Arion titled his head. "We own you. You signed the contract with the accepting of the gift." He plucked that infuriating rose out of no where – where had he kept that – and waggled it in my face. I was seriously sick of the damn thing. "Not to mention…" he continued, "You spilt blood on it. Nothing binds a person better than blood." Looking enormously pleased with himself, I decided that I hated this man. He made me sick, for starters, but his mood swings made me crazy.
"I don't remember spilling any blood." Thinking back to the incident with the rose, I didn't remember distinctly anytime when I had gotten blood on the flower… Until I recalled the tiny stab of pain as the rose matured… I glanced at my palm. A little red dot decorated it, and I grimaced. Curses. Foiled again.
A warm laugh escaped him. "No more trouble, Grace. Come along." The man turned fluidly towards the door.
"No."
It was tiny, at first. I would not go with him. I would resist. He seemed to freeze, and didn't even turn back to say, "What?"

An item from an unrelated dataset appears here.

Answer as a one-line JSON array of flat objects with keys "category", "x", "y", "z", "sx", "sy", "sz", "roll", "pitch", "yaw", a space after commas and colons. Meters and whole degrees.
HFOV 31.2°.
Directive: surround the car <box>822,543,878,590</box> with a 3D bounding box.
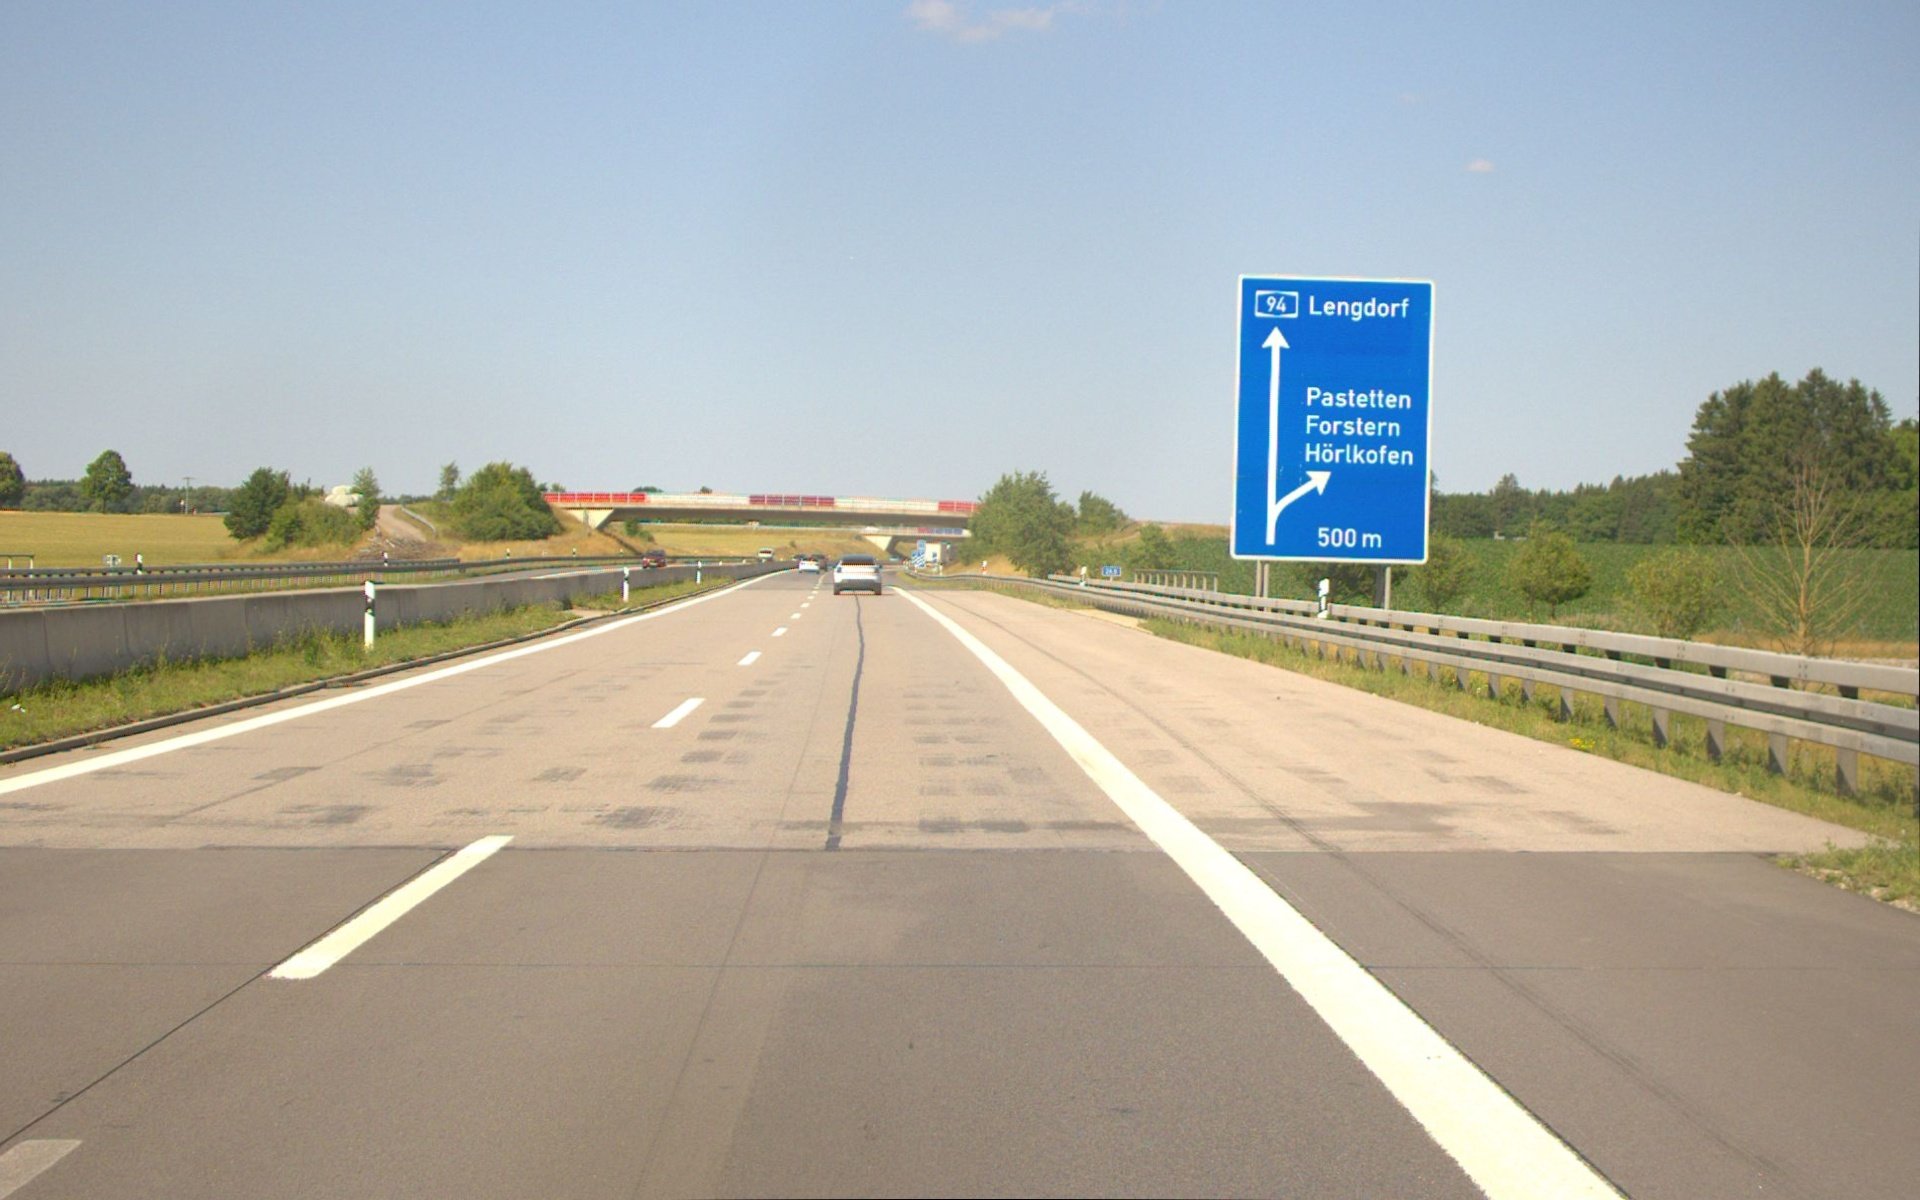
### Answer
[{"category": "car", "x": -4.274, "y": -1.310, "z": 132.932, "sx": 1.993, "sy": 1.725, "sz": 4.870, "roll": 1, "pitch": 1, "yaw": -3}]

"No. I won't go with you. Nothing you can do will make me." I hooked myself to a bed post, and clung to it. "You will have to wrestle me off this bed post to get me to go anywhere with you." I said the last word with as much vehemence as I could muster.

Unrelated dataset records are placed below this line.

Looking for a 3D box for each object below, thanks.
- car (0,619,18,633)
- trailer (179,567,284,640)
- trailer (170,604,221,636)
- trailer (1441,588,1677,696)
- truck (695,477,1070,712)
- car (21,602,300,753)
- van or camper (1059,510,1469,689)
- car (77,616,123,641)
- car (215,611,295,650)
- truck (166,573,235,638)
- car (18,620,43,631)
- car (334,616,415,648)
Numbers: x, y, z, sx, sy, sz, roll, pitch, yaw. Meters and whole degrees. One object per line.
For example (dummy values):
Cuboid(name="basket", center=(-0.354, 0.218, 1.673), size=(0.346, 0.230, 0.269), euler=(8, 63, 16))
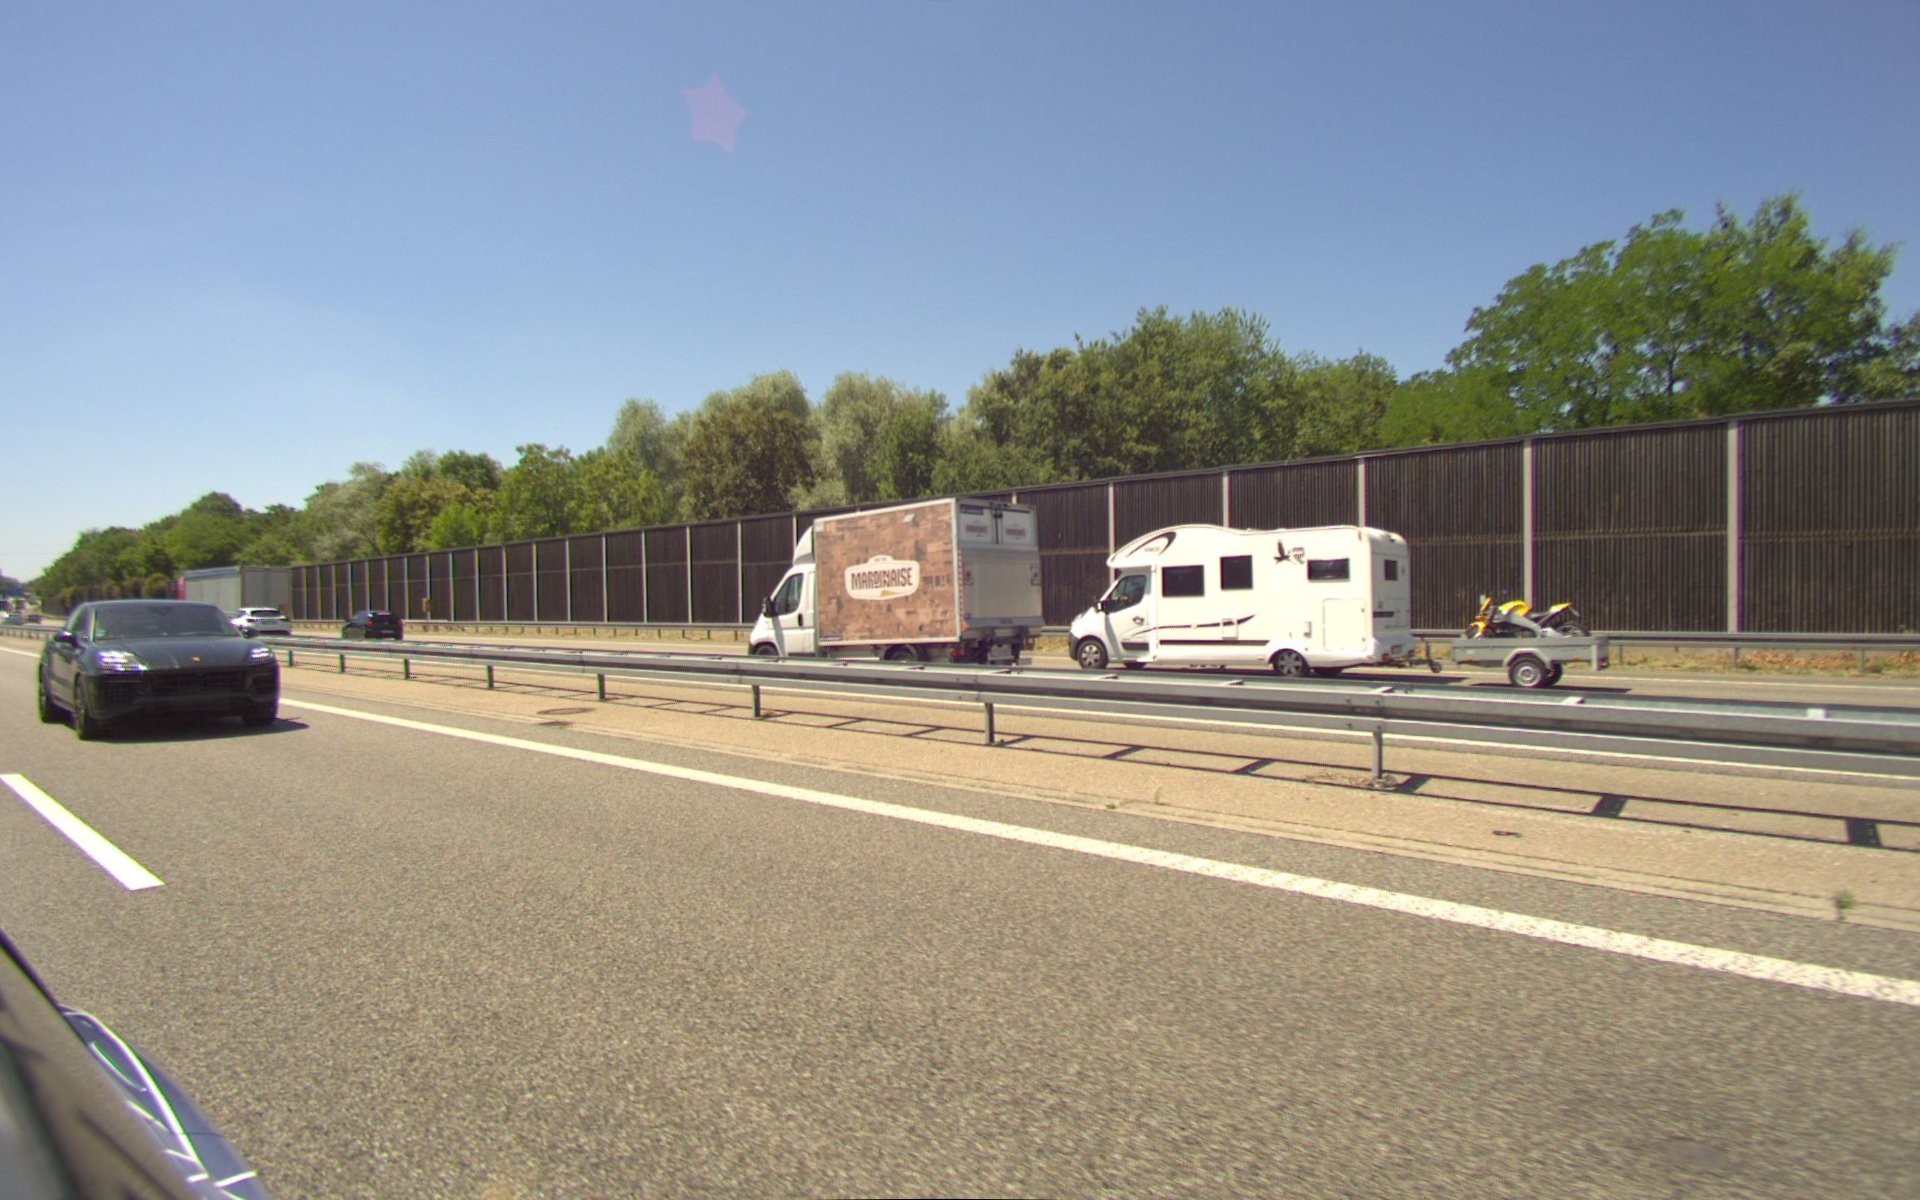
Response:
Cuboid(name="car", center=(-110.531, 3.009, 117.119), size=(4.417, 1.532, 1.879), euler=(-1, -1, 42))
Cuboid(name="trailer", center=(-45.131, 0.293, 62.410), size=(14.205, 4.107, 2.316), euler=(-1, -1, 42))
Cuboid(name="trailer", center=(-62.409, 1.627, 82.537), size=(6.265, 2.495, 2.109), euler=(-1, -1, 41))
Cuboid(name="trailer", center=(9.740, 0.647, 16.527), size=(3.090, 1.590, 1.709), euler=(-1, -1, 40))
Cuboid(name="truck", center=(-1.616, -0.043, 17.759), size=(6.915, 3.378, 2.385), euler=(-1, -1, 41))
Cuboid(name="car", center=(-10.975, 0.884, 13.693), size=(5.770, 1.637, 2.022), euler=(-1, -1, 42))
Cuboid(name="van or camper", center=(5.699, 0.048, 19.954), size=(7.370, 2.936, 2.532), euler=(-1, -1, 40))
Cuboid(name="car", center=(-56.660, 1.828, 66.640), size=(4.244, 1.555, 1.786), euler=(-1, 0, 42))
Cuboid(name="car", center=(-30.600, 1.291, 43.885), size=(4.581, 1.558, 1.899), euler=(-1, 0, 42))
Cuboid(name="truck", center=(-50.566, 0.390, 67.317), size=(7.151, 4.107, 2.333), euler=(-1, -1, 42))
Cuboid(name="car", center=(-130.618, 3.556, 142.190), size=(5.982, 1.534, 2.101), euler=(-1, -1, 43))
Cuboid(name="car", center=(-27.063, 1.431, 46.729), size=(4.580, 1.385, 1.899), euler=(-1, 0, 41))

Once again, he turned towards me. "I am getting tired of your pettiness, Grace," his voice dipped dangerously. "Come." The last word held no request – it was an order plain and simple. I responded by coolly flipping him the bird, and gripping the bed post even tighter.
The corners of his mouth twitched. "I had hoped it wouldn't come to this… but I invoke the contract. You will come here." I laughed at him. I laughed. I laughed until a crippling pain filled me.
I gasped. What was it like? Imagine a million needles being forced into your skin, and you wouldn't even be close. I could feel something sharp pushing up from under my skin, and when the first one broke through, I screamed. Thorns. Thorns were popping out of me! I panicked, and Arion just watched.
After a moment, another followed. At which point, he leaned over to me and whispered in my ear, "Just say that you agree to come with me, and the pain shall go away." Tears streaming out of my eyes, I nodded. "Out loud, my dear. I want to hear it."
"I…" a wave of pain came, and the rest barely came out, "agree." As soon as I said that, the pain dissipated, and the thorns returned under my skin. The wounds closed, as if they had never been there. Goddamn faerie magic. And I watched the whole thing undo itself with a morbid fascination. Feeling a wave of nausea, I took deep breaths. No vomiting.
"Shall we go?" His tone was pleasant. Like nothing had happened. If I could, I would have punched him. The more I considered it, the more it sounded like a wonderful idea.
I stood, and he held out his arm. Grudgingly, I took it, even through kissing a viper sounded like it would be more pleasant. What bothered me even more was the fact that he gave me a tiny smile after I did so. He smiled at me like the perfect prince charming. How vexing, I thought. It was probably because he could tell that I was still shaken from the torture I had just experienced.
Acting as a gentleman, he led me out of the room. It could have been picturesque, if it hadn't been for that fact that I looked like I was ready to kill Arion. He turned to glanced at me, and sighed as if disappointed. "Smile for my father, Grace. Your sullen face will put him off."
Returned his remark with a glare, I gave him a brisk and false smile. "Screw you," I replied, in the politest tone that I could say. His glower made me smile, and I plastered that pleased look on. It seemed to bother him more, and I soared with glee. The walk to the king was silent from that point on.